What to produce:
Examine the entries and show every line in which the word "roll" is found.

Input for this task:
* * *

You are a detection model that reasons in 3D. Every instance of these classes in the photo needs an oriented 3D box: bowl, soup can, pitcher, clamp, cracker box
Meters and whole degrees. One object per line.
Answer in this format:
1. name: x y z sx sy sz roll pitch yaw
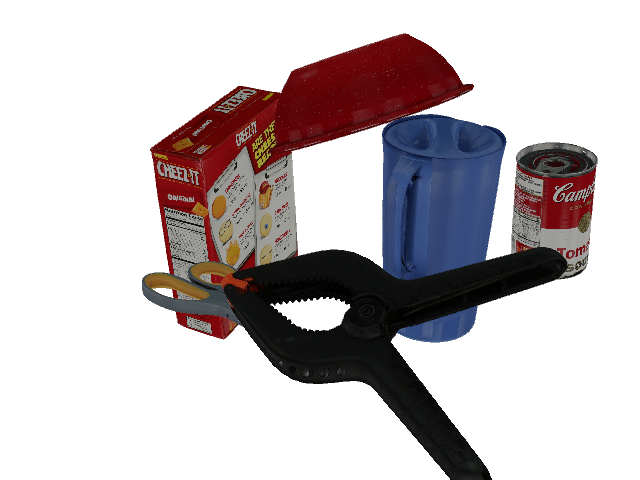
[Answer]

* * *

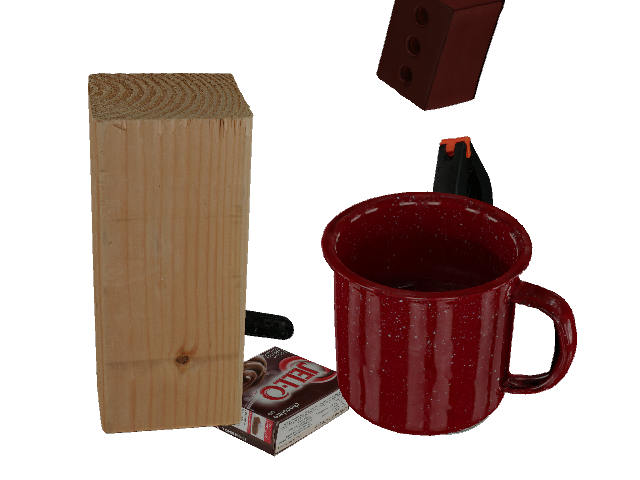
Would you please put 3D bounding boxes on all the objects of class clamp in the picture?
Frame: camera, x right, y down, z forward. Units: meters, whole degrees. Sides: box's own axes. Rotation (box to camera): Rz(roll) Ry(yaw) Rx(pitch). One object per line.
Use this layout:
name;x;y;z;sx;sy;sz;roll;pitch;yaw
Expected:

* * *

Output for this task:
1. name: x y z sx sy sz roll pitch yaw
Frame: camera, x right, y down, z forward. Units: meters, whole degrees. Sides: box's own axes. Rotation (box to camera): Rz(roll) Ry(yaw) Rx(pitch). One object per line.
name;x;y;z;sx;sy;sz;roll;pitch;yaw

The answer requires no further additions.